An interesting comparison is Germany.
The same study found that German workers didn't show significant changes in mental health after being exposed to industrial robots. Researchers speculated that this was related to Germany's stronger labor protection system and social safety net. In other words, the machine itself doesn't necessarily harm people, but in a system that makes people feel insecure, the machine will amplify that insecurity.
In 1974, Harry Braverman, a former metalworker and sociologist, provided a theoretical framework for these phenomena in “Labor and Monopoly Capital.” His core proposition is that the essential tendency of capitalist management is to separate “conception” from “execution”—management monopolizes the power of planning and design, leaving workers only with the mechanical execution part. This separation deprives workers of knowledge and judgment in the labor process, thus degrading work to “almost the level of animal labor.”
Braverman called it “deskilling.”
Half a century later, from industrial robots to AI, what has changed, and what has remained the same?

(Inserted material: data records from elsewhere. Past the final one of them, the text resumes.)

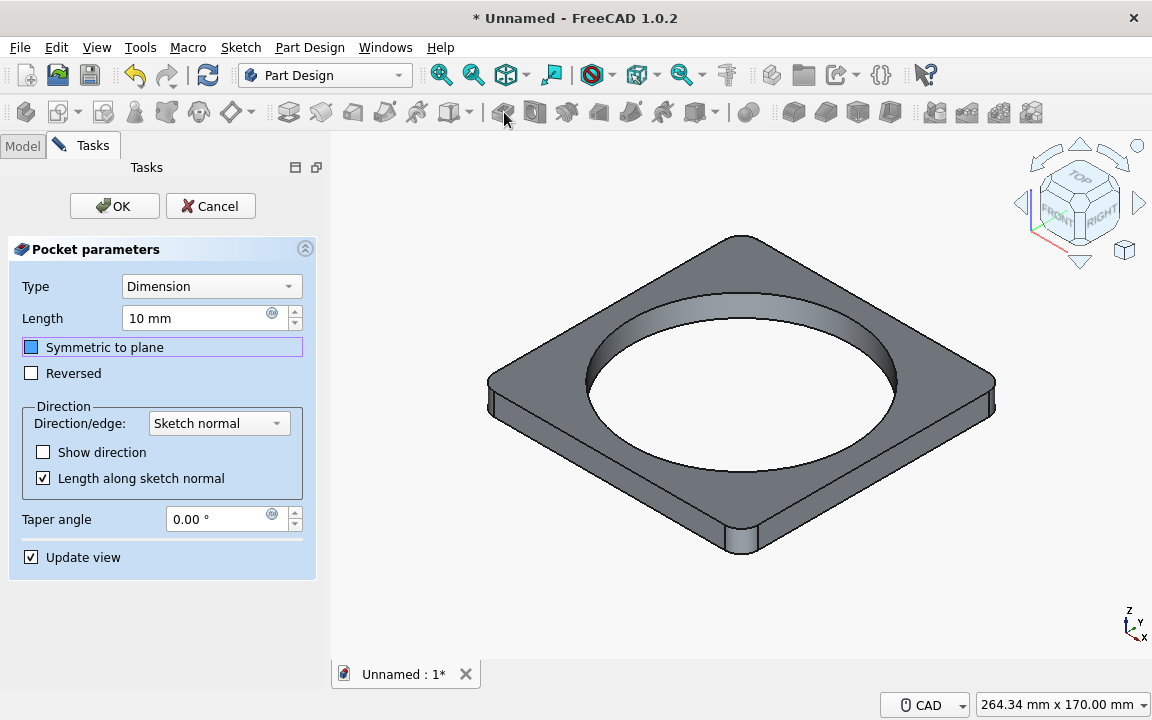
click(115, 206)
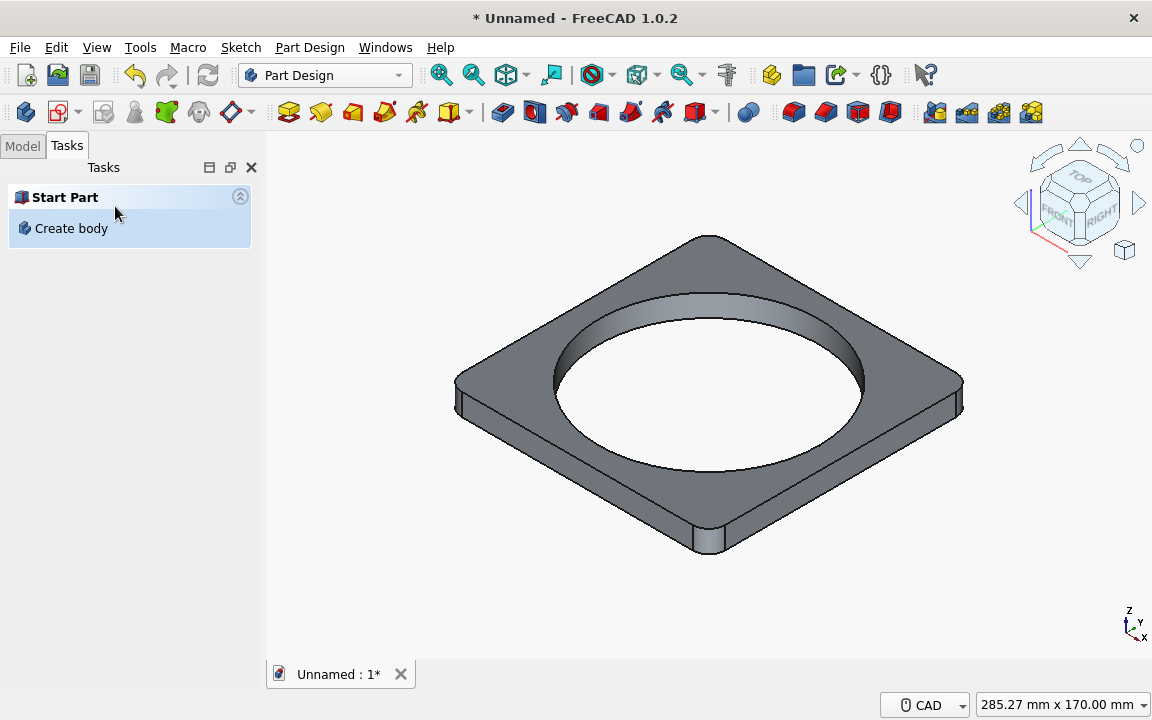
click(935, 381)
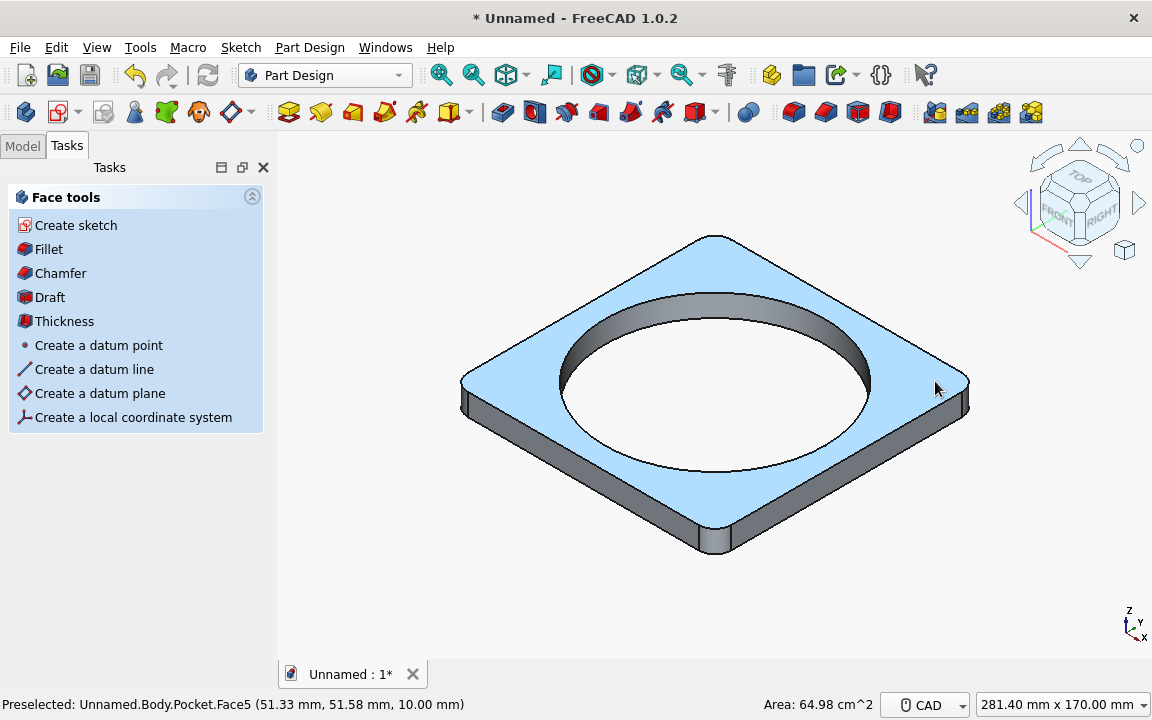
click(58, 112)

What hasn't changed is the core question—people lose their sense of meaning in the relationship with machines. The workers in Lordstown felt like an extension of the assembly line, the engineers at Anthropic feel like approvers of AI, and the “draftees” at Meta feel like feeders of AI. Stripping away the technical shell, the underlying psychological harm is surprisingly similar.

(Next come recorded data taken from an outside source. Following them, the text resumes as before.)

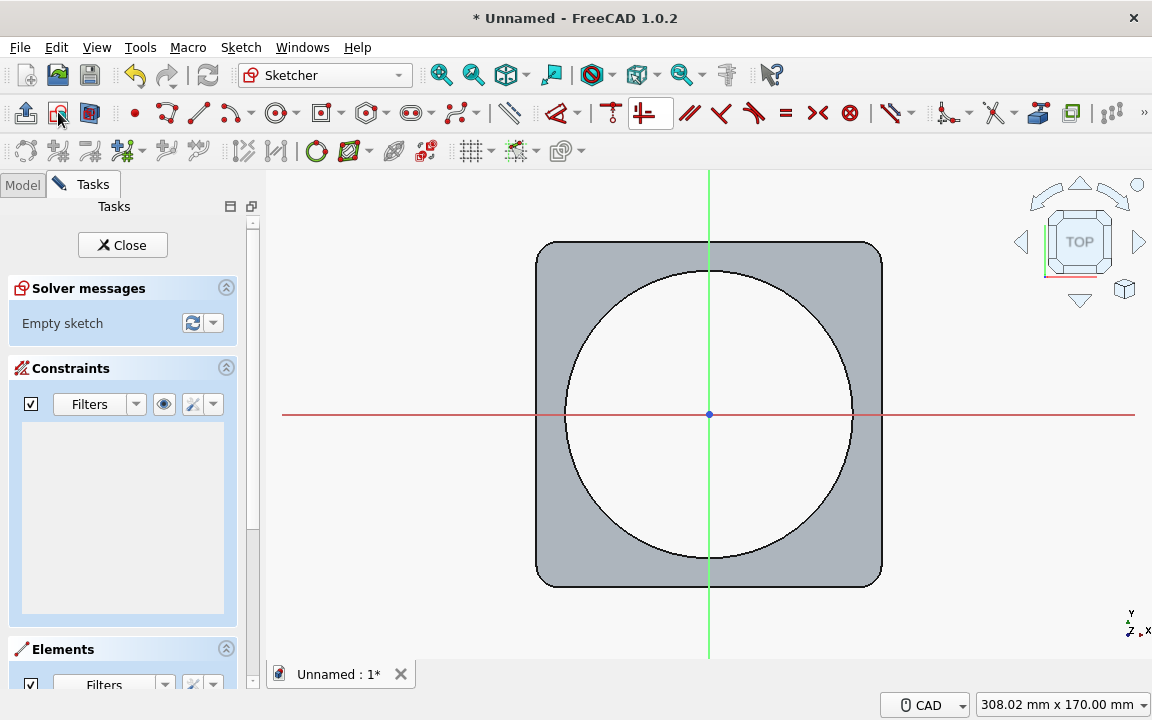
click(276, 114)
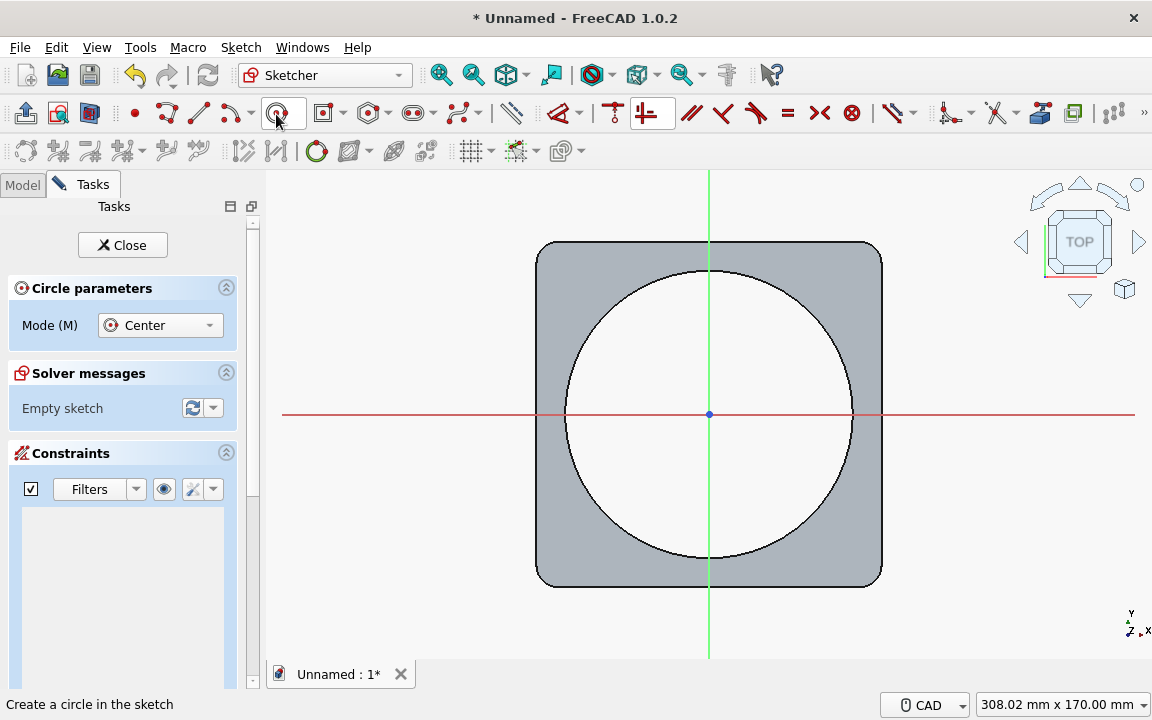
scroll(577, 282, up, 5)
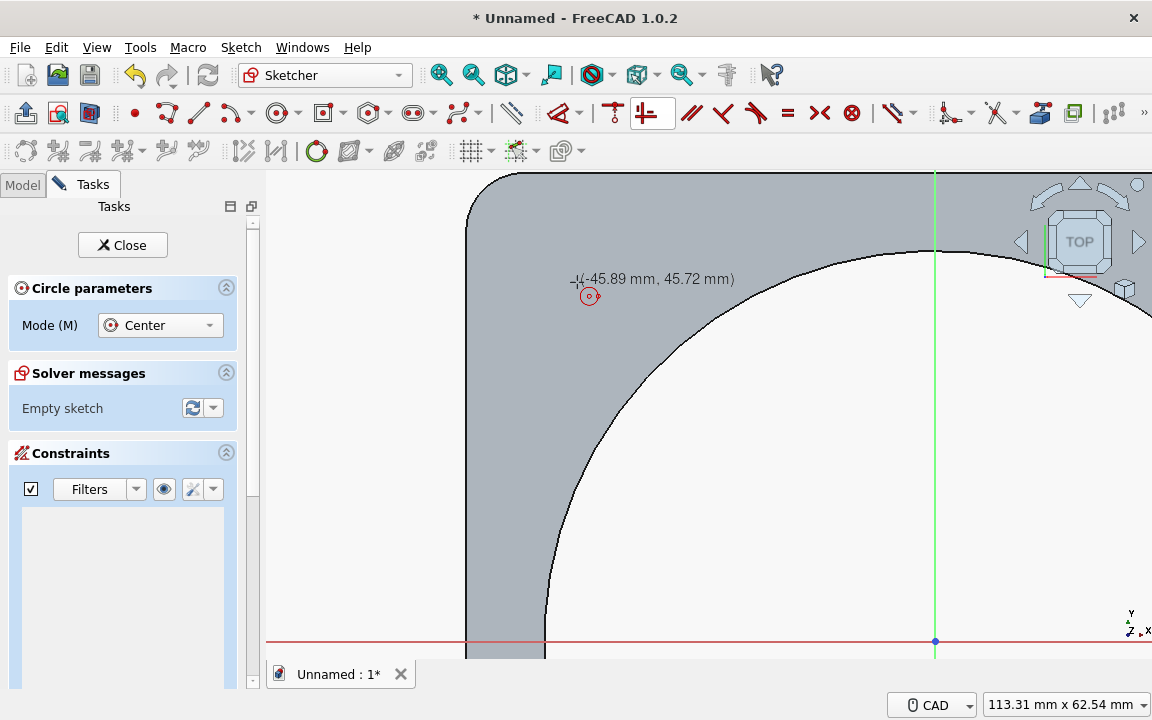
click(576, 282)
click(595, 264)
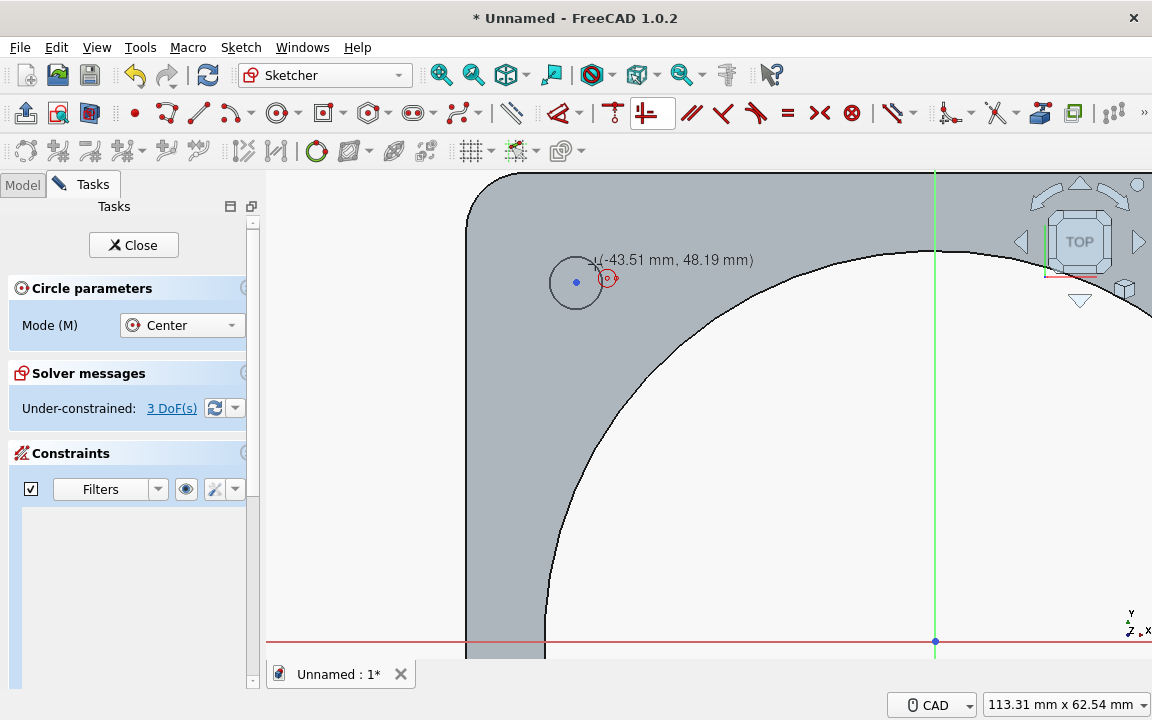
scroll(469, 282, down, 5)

But what has changed is even more disturbing:
The injured group has changed. The victims in Lordstown were blue - collar workers—at that time, in the social discourse, their pain was acknowledged but often attributed to “low education levels” or “inability to adapt to technological progress.” Today, the injured are the top - tier knowledge workers in Silicon Valley—Anthropic's researchers, Meta's senior engineers, and people with six - figure salaries. If even they are having existential crises, how long can the narrative of “learning new skills can help you adapt” hold?